Yet another utterly futile attempt to find a md5 fixpoint
During lunch discussion at my workplace we started wondering if there existed a fixpoint for the md5 cryptographic hash function.
That is a point such that md5('x')='x' where x is the 32-digit hexadecimal string representation.
To be completely truthful the md5 algorithm works on 512 bit values. A 32-digit hexidecimal string is 128 bit and is first padded(with zeroes) to 512 bits before the md5 function is taken and
returns a 128 bit value which then is converted to a 32 digit hexidecimal string thus explaining my md5('x')='x' expression.
Some googling showed this is known as the "Kember Identity" and is an unsolved problem. Also a few programmers had tried to brute force it over the years with no luck (not surprisingly as you will see below). Even though I would never succeed I decided to look into the problem anyway.
Interestingly there is a simple mathematical argument that there is ~63.21% probability for at least one fixpoint. This does not mean there is one of course! But it also reveals there is probably only a few, if any! The argument is based on the same principly that when you shuffle a deck of card, what is the probability that at least one card will end up in the same position in the deck. The probability actually converges to 1-1/e very fast as the number of the elements shufled increases. There is no guarantee that the md5 function is a shuffling though, there could exist different 32-digit hexidecimal strings x,y such that md5(x)=md5(y). But such collisions are extremtly rare and would not change the overall probability by much.
Examples of different x,y with same hashing value does exist , see http://en.wikipedia.org/wiki/MD5
etc. But this example is 512 bit and not 128 bit (32 hexidecimal). The md5 hash function is not considered safe anymore due to collision vulnerabilities , but this is completly irrelevant to my mission of finding a fix point.
Lets see how futile a brute force attempt will be:
There are 2^128= 32^16 ~ 3.4*10E38 different values.
My brute force program can do 3.5M hash/sec (For each CPU used)
This gives 3*10E24 years to try all combinations (Using 1 CPU).
Not a very uplifting result and now you know why I used the word futile.
So without a cryptographic breakthrough, humanity will never know if such a point indeed does exist.
And now back to my brute force attempt:
I made a small Java program that can be found on Github on the link below.
Thanks to +Toke Eskildsen
for doubling the performance using tricky bit manipulation instead of the standard Java methods as substring, equals etc.
The code is much harder to read now though, nothing comes for free...
The program starts with a random 32 digit hexadecimal string (for each CPU) and then iterative computes md5(x) and check if it matches x. Using this endless chaining of md5 values there is no performance overhead from generating a a lot of random strings. Of course there is a (tiny!) probability that this would result in an endless loop as it eventually is bound to do! But cycle detection would slow
the program down and detecting a cycle having 1E10 elements would take way too many resources anyway. Also I restarted the program
regulary over the 2 weeks I had it running on 24 CPUs and this would have reset any loops.

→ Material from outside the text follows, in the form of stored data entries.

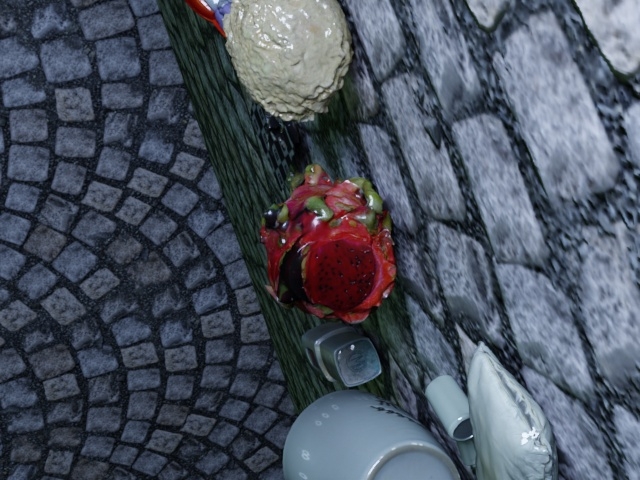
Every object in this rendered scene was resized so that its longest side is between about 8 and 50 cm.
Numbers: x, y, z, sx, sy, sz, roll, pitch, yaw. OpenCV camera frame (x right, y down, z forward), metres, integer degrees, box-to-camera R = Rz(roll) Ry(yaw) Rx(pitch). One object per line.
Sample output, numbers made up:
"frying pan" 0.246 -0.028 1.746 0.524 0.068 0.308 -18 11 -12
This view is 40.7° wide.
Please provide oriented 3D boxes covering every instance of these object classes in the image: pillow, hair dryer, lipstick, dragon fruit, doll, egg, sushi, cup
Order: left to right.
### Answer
"doll" -0.148 -0.341 1.213 0.227 0.075 0.102 55 176 19
"sushi" -0.059 -0.162 1.252 0.201 0.031 0.139 122 127 -74
"egg" -0.029 -0.179 0.791 0.116 0.118 0.140 -93 -3 -63
"dragon fruit" 0.000 0.000 0.924 0.166 0.160 0.172 47 180 -25
"lipstick" 0.032 0.176 1.338 0.253 0.077 0.079 174 75 -79
"cup" 0.099 0.321 1.102 0.258 0.186 0.234 41 168 -14
"hair dryer" 0.147 0.200 0.903 0.063 0.037 0.124 60 174 50
"pillow" 0.166 0.203 0.733 0.128 0.050 0.229 -112 7 -55
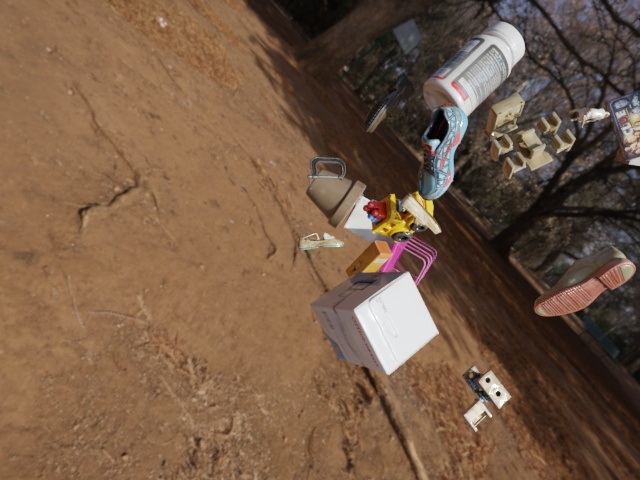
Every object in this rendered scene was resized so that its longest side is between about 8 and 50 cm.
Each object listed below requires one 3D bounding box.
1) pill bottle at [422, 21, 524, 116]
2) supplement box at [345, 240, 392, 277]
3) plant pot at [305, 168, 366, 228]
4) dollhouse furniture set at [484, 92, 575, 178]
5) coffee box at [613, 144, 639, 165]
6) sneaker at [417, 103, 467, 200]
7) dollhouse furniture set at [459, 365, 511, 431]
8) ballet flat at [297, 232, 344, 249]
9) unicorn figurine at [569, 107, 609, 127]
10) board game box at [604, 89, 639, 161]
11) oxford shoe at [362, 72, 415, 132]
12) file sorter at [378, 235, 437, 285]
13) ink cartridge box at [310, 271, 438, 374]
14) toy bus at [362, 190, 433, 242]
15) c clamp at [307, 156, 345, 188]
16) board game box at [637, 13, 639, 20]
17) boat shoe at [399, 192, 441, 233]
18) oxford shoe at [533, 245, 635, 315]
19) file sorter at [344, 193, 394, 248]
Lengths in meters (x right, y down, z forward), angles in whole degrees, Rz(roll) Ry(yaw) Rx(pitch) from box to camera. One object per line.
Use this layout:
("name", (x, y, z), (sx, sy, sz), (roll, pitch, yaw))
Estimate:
("pill bottle", (0.455, -0.497, 1.382), (0.161, 0.283, 0.161), (46, -6, 6))
("supplement box", (0.211, 0.100, 2.063), (0.080, 0.233, 0.078), (6, 49, -39))
("plant pot", (0.059, -0.227, 2.286), (0.229, 0.263, 0.263), (36, 13, -3))
("dollhouse furniture set", (0.664, -0.334, 1.555), (0.242, 0.212, 0.161), (66, 3, 22))
("coffee box", (1.377, -0.349, 1.871), (0.297, 0.119, 0.168), (10, 19, 10))
("sneaker", (0.302, -0.239, 1.262), (0.104, 0.262, 0.125), (20, 9, 42))
("dollhouse furniture set", (0.565, 0.574, 1.717), (0.129, 0.183, 0.129), (53, -14, 0))
("ballet flat", (0.000, 0.000, 2.051), (0.073, 0.206, 0.067), (-86, 170, -85))
("unicorn figurine", (0.887, -0.416, 1.553), (0.111, 0.161, 0.060), (-158, -128, -74))
("board game box", (1.216, -0.444, 1.783), (0.042, 0.165, 0.243), (-7, 80, -70))
("oxford shoe", (0.232, -0.433, 1.539), (0.096, 0.227, 0.083), (41, 3, -24))
("file sorter", (0.435, 0.109, 2.290), (0.182, 0.202, 0.290), (31, 21, 16))
("ink cartridge box", (0.143, 0.218, 1.310), (0.198, 0.197, 0.270), (63, -24, -9))
("toy bus", (0.276, -0.106, 1.733), (0.211, 0.220, 0.149), (17, 59, -26))
("c clamp", (0.022, -0.253, 1.745), (0.022, 0.160, 0.137), (117, -36, -62))
("board game box", (0.961, -0.591, 1.224), (0.141, 0.048, 0.170), (43, -24, -10))
("boat shoe", (0.336, -0.081, 1.580), (0.170, 0.059, 0.063), (48, 18, 1))
("oxford shoe", (1.040, 0.171, 1.888), (0.140, 0.397, 0.146), (42, 27, -28))
("file sorter", (0.298, -0.105, 2.541), (0.277, 0.193, 0.173), (29, 16, -2))
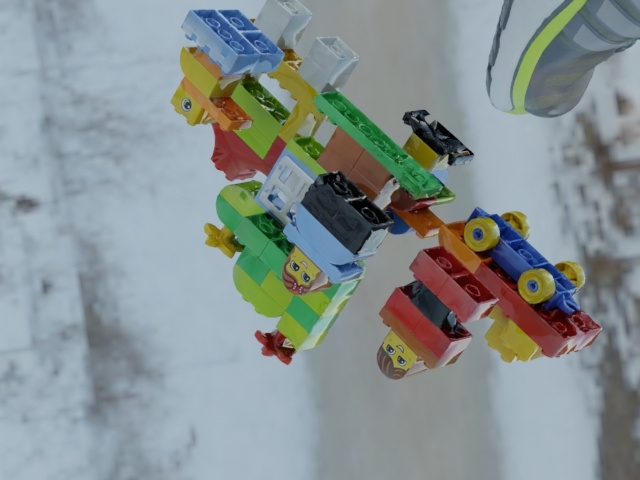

Since I would not find a fix-point but still would like to program to output somthing, I logged the maximum prefix and suffix match for md('x')='x'
The maximum match I found was a 12 character suffix and a 12 character prefix match shown below:prefix 12
54db1011d76dc70a0a9df3ff3e0b390f -> 54db1011d76d137956603122ad86d762suffix 12
df12c1434cec7850a7900ce027af4b78 -> b2f6053087022898fe920ce027af4b78
Remember this used 24*2weeks = 0.9 year CPU time. If you run it and find a 13 character match or more, I would like to hear for you of course.